Well F.T.R. I know i didnt mention this but i am not a child i am 25 Years old and this has nothing to do with me being hurt by my dad I never gave a 2 **** about him anyway , I was using it as an example ,to point out that hey , you can always do your best on your end but doesnt mean that your partner is ..or willing to forthat matter. people do change ,their feelings ,their thought patterns, their perspective on life ,whether to the good or bad they do change . the thing i want to point out the most is that Look at how one persons "change" in their life can affect so many others in a negative way . Hell I was reading a post on here earlier about a young woman having issues with her husband , and one commenter went as far to say . '" eithier your husband is going to be married to yuor he's not " then she commense to tell her how to screw him over financially and mentally by plaguing his life with hell from the legal system pertaining his child..Thats what im talkin about ..So it is a thin line between Love and Hate, one day a person could be laying in the bed with you after 25 years , and the next day you can be in court with the same person , or better yet murdered by their hands.. call it what you want but people are people ..some things we do are inexplainable , but the human intent of the heart can never be fully predicted ..atleast no by man .. All im sayin is be carefull who and where your trust lies .jer:17-9 The heart of man is deceitfull above all things and desperatly wicked who can know it .?


----------



## MBuck26 (Sep 13, 2009)

yes I am married 3 years in december , these issues exist ..


----------



## MBuck26 (Sep 13, 2009)

were fine ..but these issues are still relevant because they exist ..whether or not there are those who would like to talk about it or not ..there are others that feel the same as i do about these things..


----------



## dobo (Jun 30, 2009)

If your view of marriage is as you state, your marriage is not fine.
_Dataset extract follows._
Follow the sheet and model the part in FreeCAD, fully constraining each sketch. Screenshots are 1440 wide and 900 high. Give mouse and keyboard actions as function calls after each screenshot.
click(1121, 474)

You're living a lie, afterall.

There are people who share a lot of views that are negative and angry and unenlightened (PS -- you may be 25 but you still have a child portion of you -- everyone does) and bitter. There are also groups of people who feel that sex with children is acceptable. Does the number who share the view make the view any more correct?
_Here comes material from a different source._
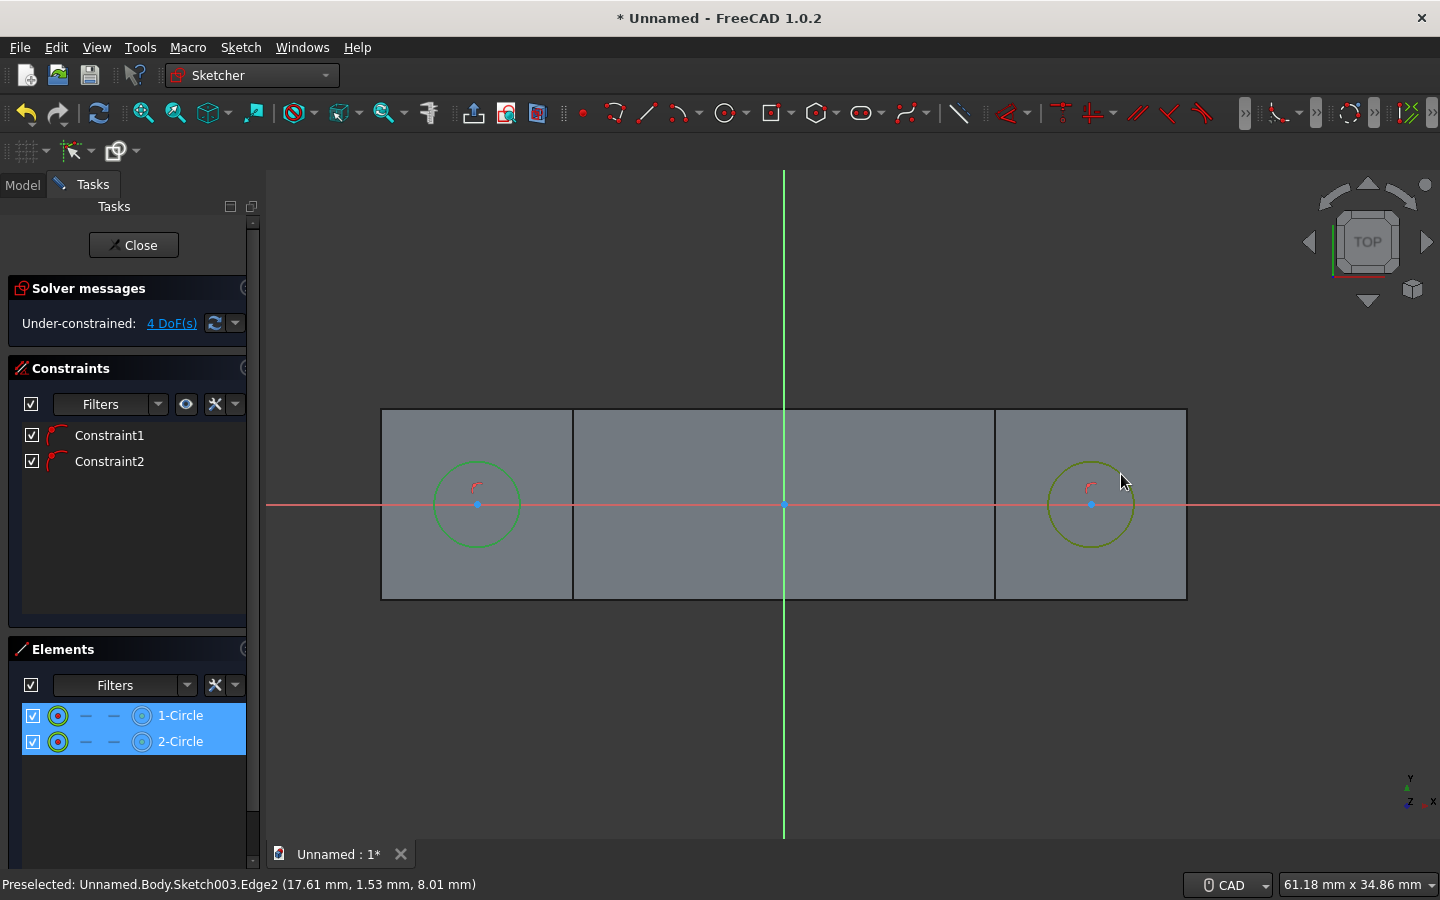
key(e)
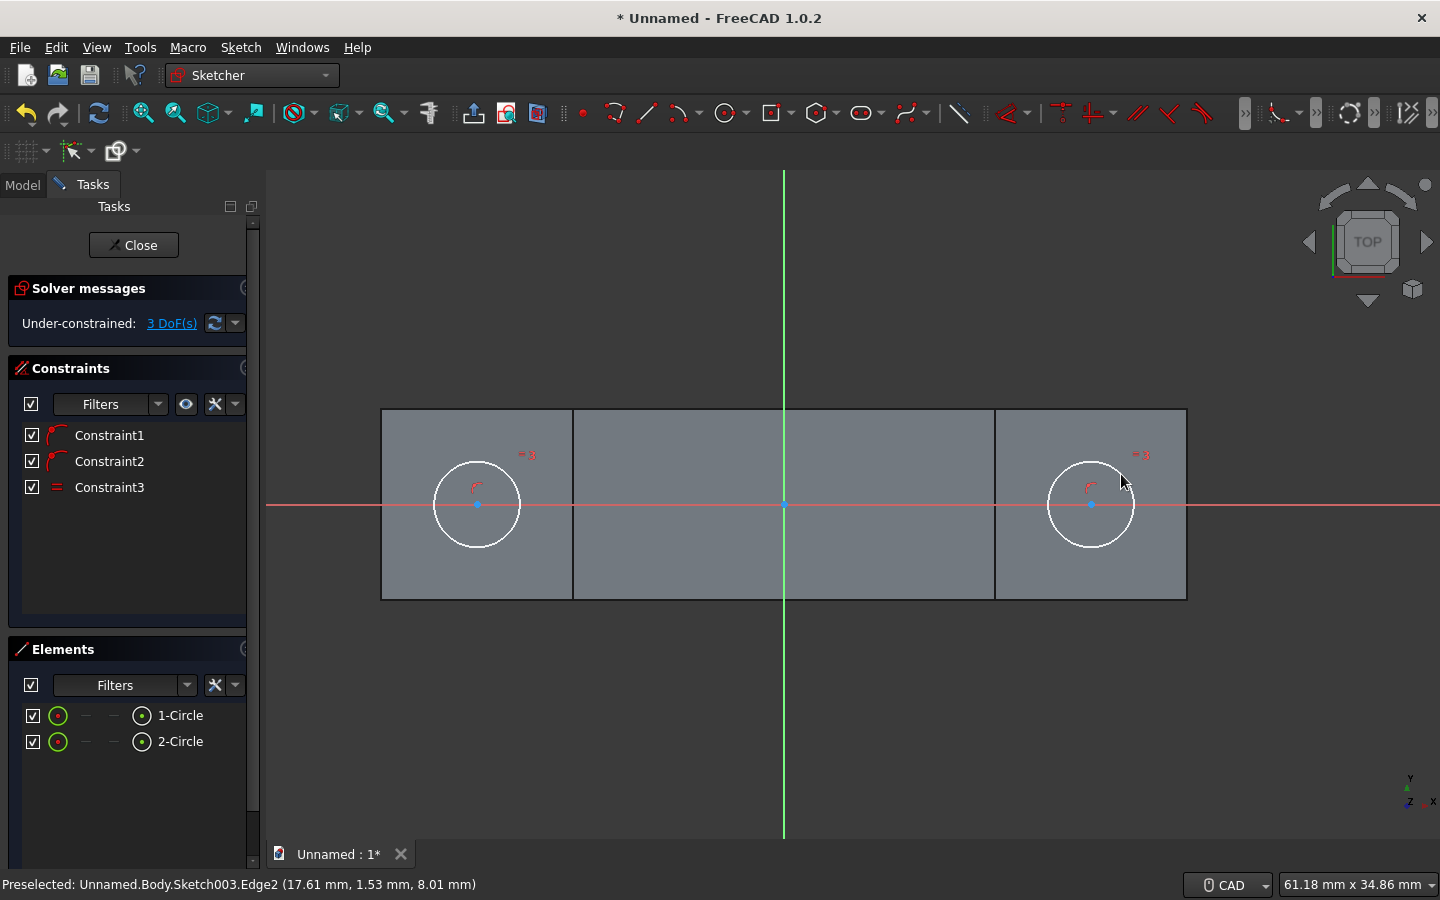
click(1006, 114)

And who are you to decide that growth in general is not worthwhile? Further, since many people believe that God is the source of power and strength behind marriage and that marriage is a tool for growth, how can you argue that it is invalid? So what if people die? We have to live within the constraints we are given. Marriage never promised immortality so what does that have to do with the price of anything, anywhere?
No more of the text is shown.